Covid19mathblog.com
A worthwhile podcast Joe Rogan and Dr. Sanjay Gupta – not all covid – but a good discussion on risk/reward – including a discussion on Cannabis. https://open.spotify.com/episode/6rAgS1KiUvLRNP4HfUePpA?si=izgzzVthSPao8dCxwzCUCA
The one note Dr. Gupta brought up multiple times and justified the social need to get the covid vaccination – “Unvaccinated 8 Times more likely to get INFECTION”. So I spent awhile searching for this study as it does makes sense for a social requirement for getting vaccinated if true.
The study is done by the CDC Vaccine Effectiveness Team – here it is: https://www.cdc.gov/mmwr/volumes/70/wr/mm7037e1.htm?s_cid=mm7037e1_w#T1_down
First to note and hopefully someone tells Dr. Gupta – the report conclusion is 5X not 8X – perhaps the original document is 8X but this is the study – https://twitter.com/annezinkmd/status/1424229063460212738
There is no link to the data – and I have found no place to show the breakout of the confirmation between vaccinated or not vaccinated. However by the 13 states I could go through the data I had and extrapolate from the per capita vaccination I had for each state. The data April 4th- June 19th is quite irrelevant given the level of vaccination was extremely low in April with corresponding increasing vaccination rate.

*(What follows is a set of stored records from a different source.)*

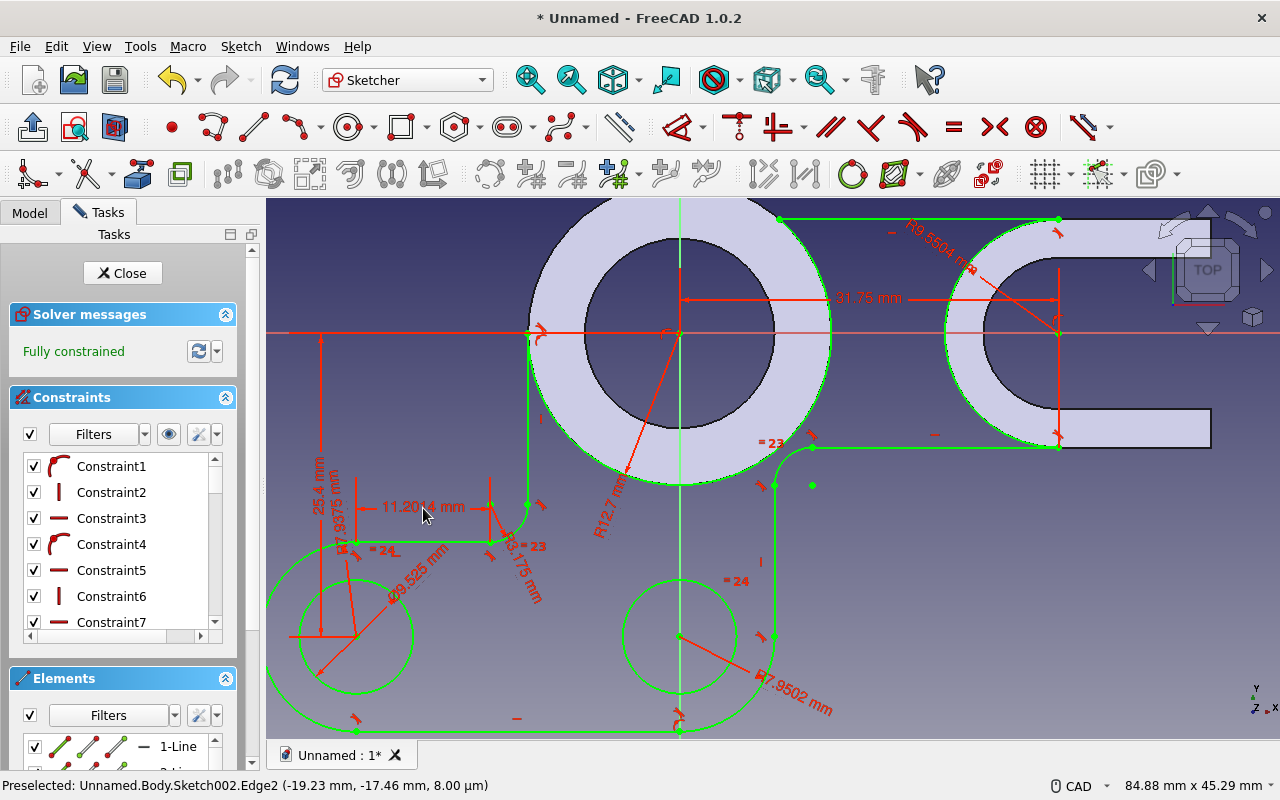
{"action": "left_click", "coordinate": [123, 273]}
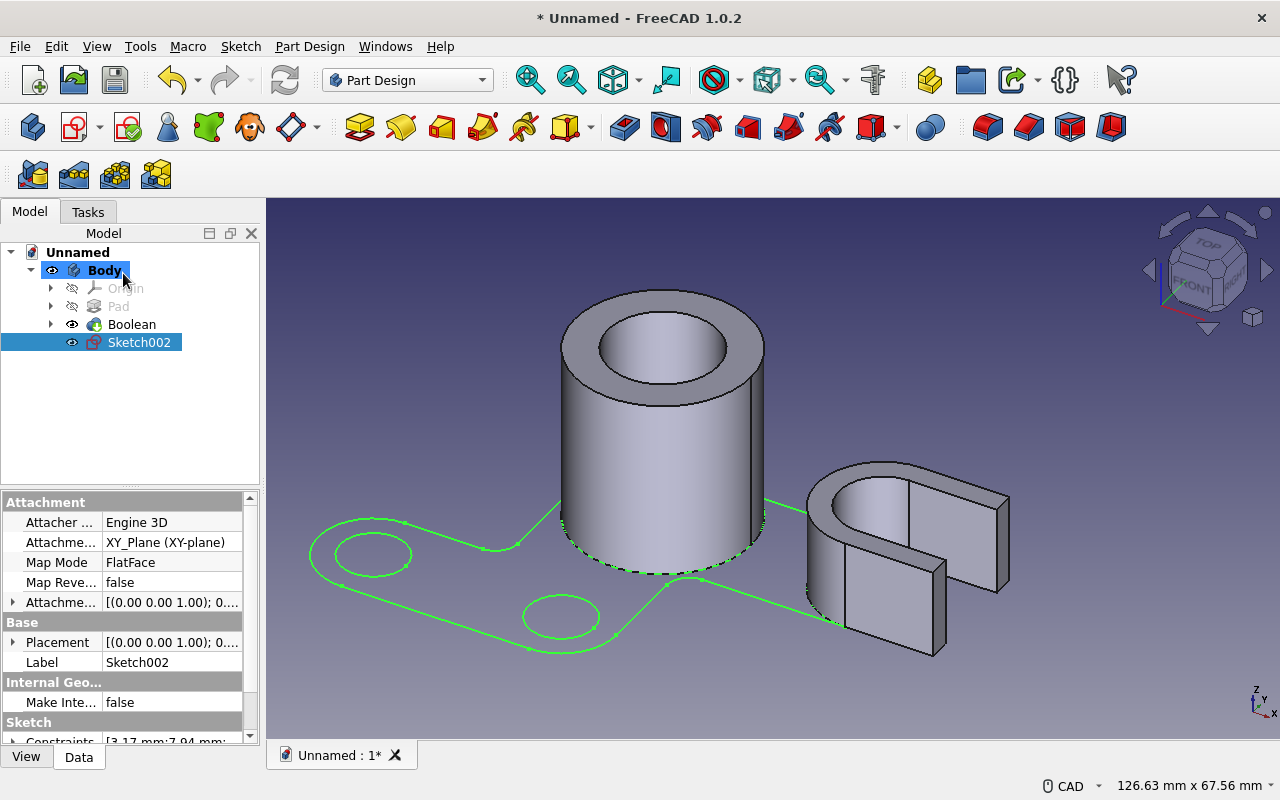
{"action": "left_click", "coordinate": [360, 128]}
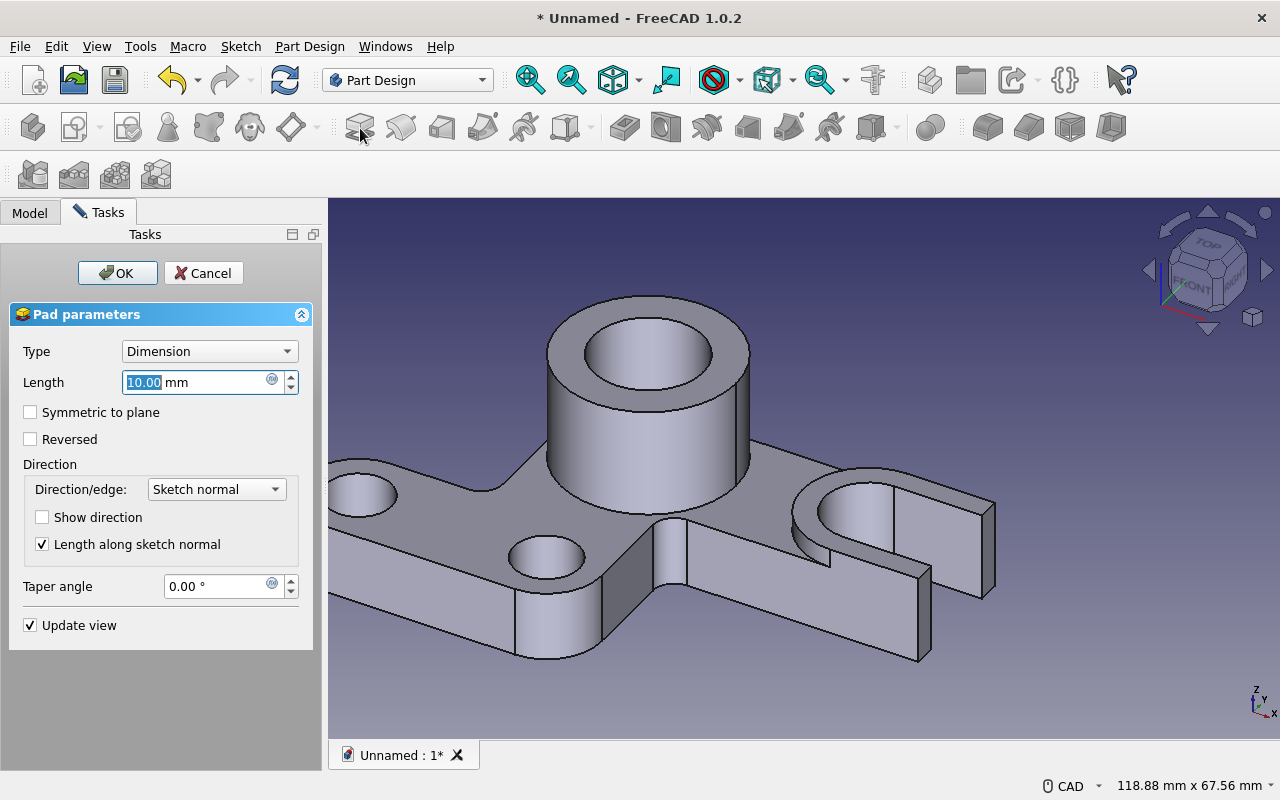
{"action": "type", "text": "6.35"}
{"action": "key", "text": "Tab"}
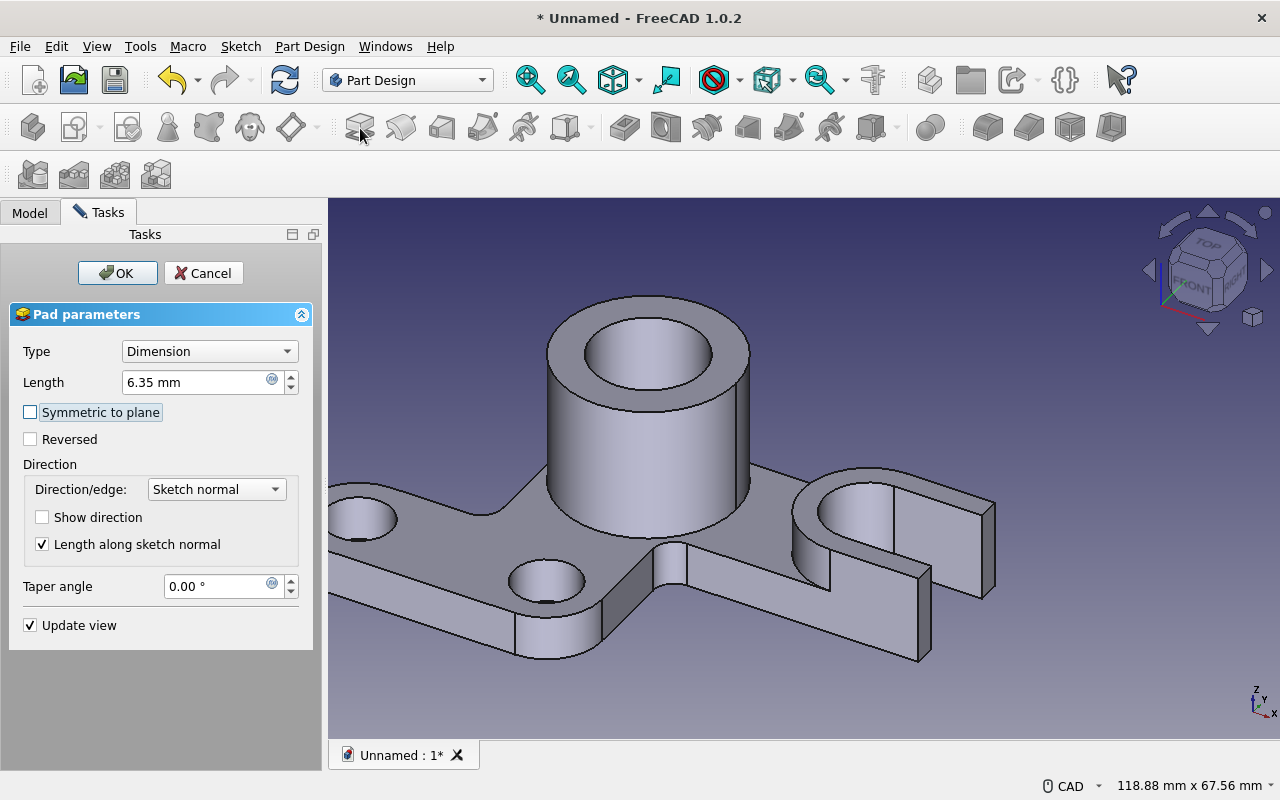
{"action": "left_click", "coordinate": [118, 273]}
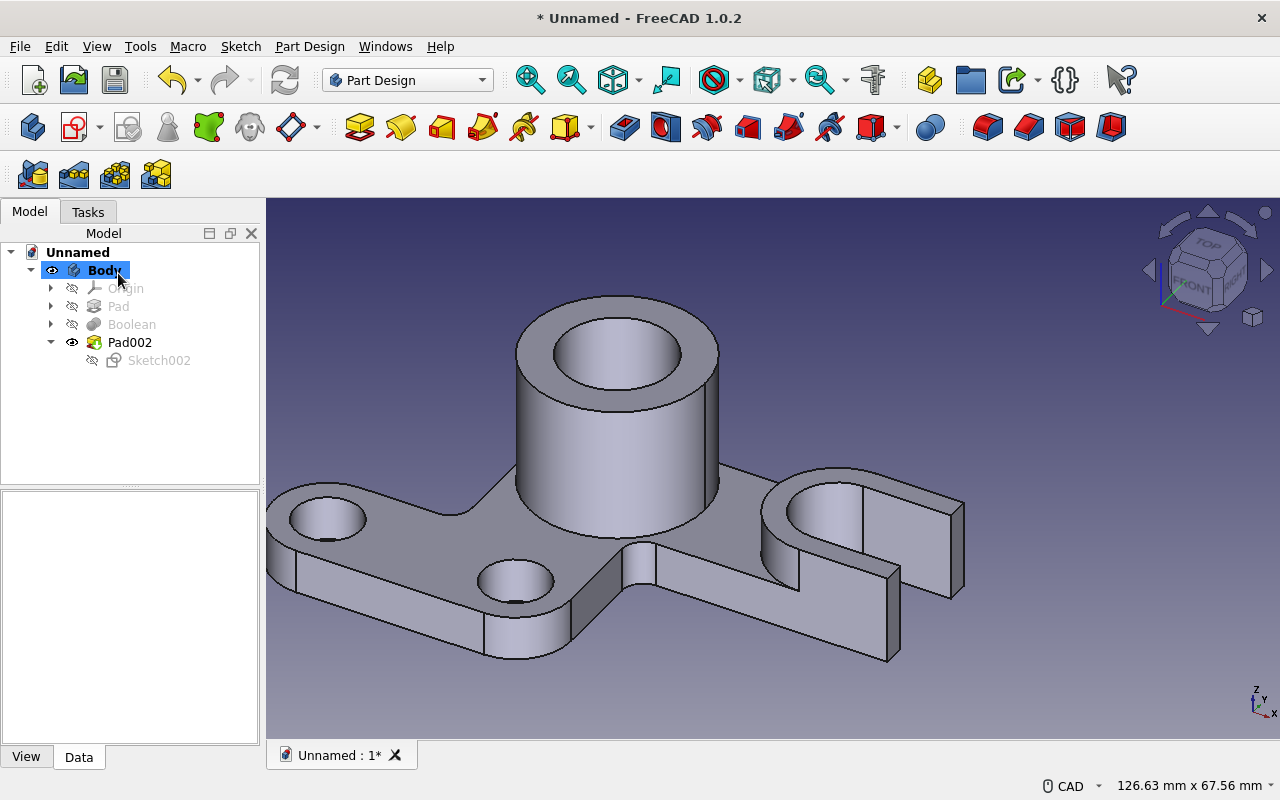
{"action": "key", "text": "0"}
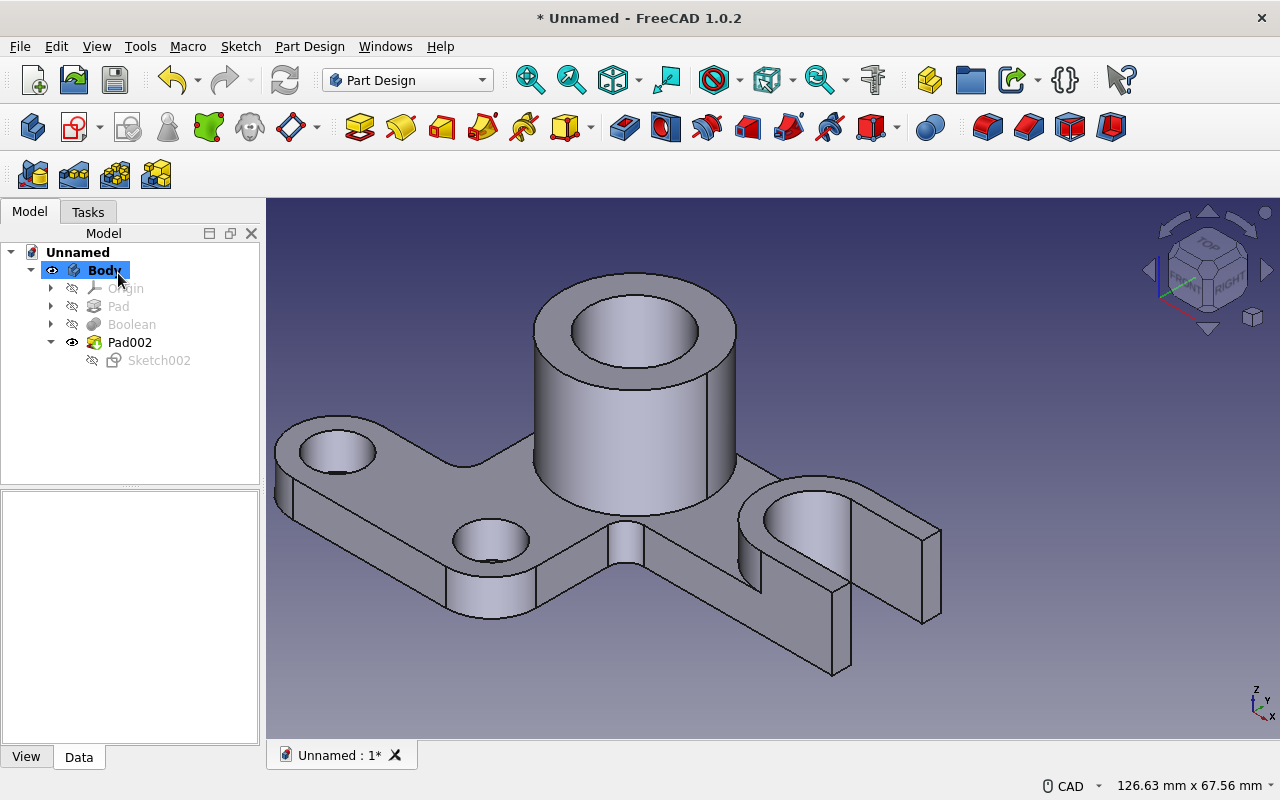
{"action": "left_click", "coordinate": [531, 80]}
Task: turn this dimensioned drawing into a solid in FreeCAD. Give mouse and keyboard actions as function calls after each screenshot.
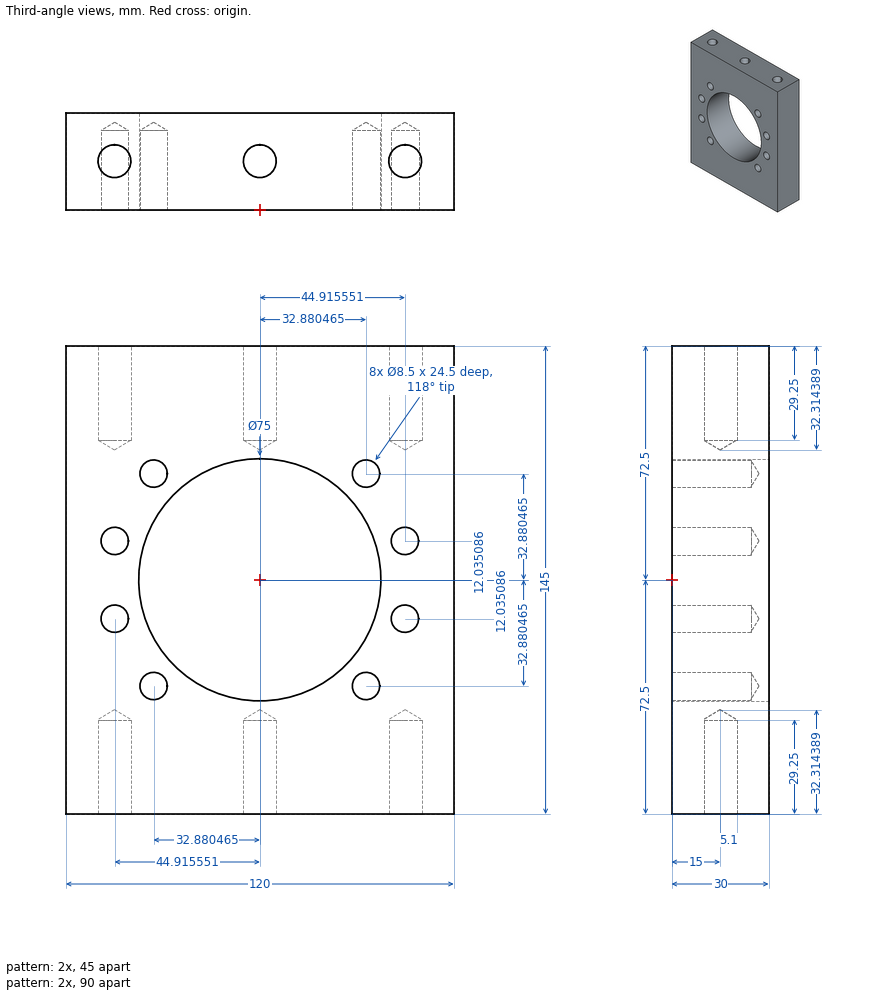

So the data from June 20-July 17th in their table shows the following with the first column represent incidences reported that are unvaccinated and the next vaccinated. The total 101633/22809 = 4.45X – so they round up to 5X
Since I don’t have their vaccinated and unvaccinated data and are suspect they do have it too in the detail needed – I computed the daily vaccinated/unvaccinated using the vaccinated per capita which I have daily. I also use a 14 day lag on the vaccinated rate given one doesn’t qualify vaccinated without a 14 day spread.
My total confirmed case in my data series is 123,161 – not to bad vs. 124,442 from the above table from the report. Based on state by state and 14 day lag the total incidence of vaccinated and unvaccinated ASSUMING natural even distribution with the separation purely based on a level of unvaccinated started low and confirmation slowing down in the later part the total vaccinated incidence comes out 45K vs. unvaccinated 78K – so this is 1.7X – so naturally there was already supposed to be a spread of incidence of more unvaccinated just by shear population that had not gotten vaccinated. So perhaps in effect IF the logic held true the normalized impact of the unvaccinated vs. vaccinated is not 5X but 4.45-1.73= 2.7 – so perhaps the statement can be made if you are unvaccinated you are 2.7X more likely to get a CONFIRMATION of covid. I changed the word from INFECTION TO CONFIRMATION as this is a slight of hand trick they have played. You NEED to take a test to be confirmed and shown as an infection as the number of confirmed case is equivalent to their definition of infection. HOWEVER think about it IF you have taken the vaccine and are infected and are asymptomatic what are the ODDS you would go take a test to be confirmed!
In addition IF their statement was true then how come the more vaccinated counties don’t clearly show a delineation from the less vaccinated – I mean its as high as 8X-2.7X more likely to be confirmed IF you are unvaccinated per their report.
CONCLUSION – ITS NOT TRUE – FAKE STAT of reference. IF the vaccinated are more asymptomatic (TRUE STATEMENT – NOTED BY SEVERAL STUDIES) then when they are infected the odds of them going to take a test to confirm covid is likely approaching 0. They cannot make a claim that unvaccinated is ANY multiple more likely to be infected base on this analysis. They can make a claim the unvaccinated are likely to get tested and be confirmed at 2-5X more than a vaccinated person – but this means nothing in terms of infection and transmission. If you don’t see that you are likely in confirmation bias land to try to prove the point vaccination reduces transmission and hence everyone should get vaccinated. The data is clear it does not and the logic to conclude that is wrong per the above analysis. Perhaps another study may prove this to be the case – but certainly not the above report method.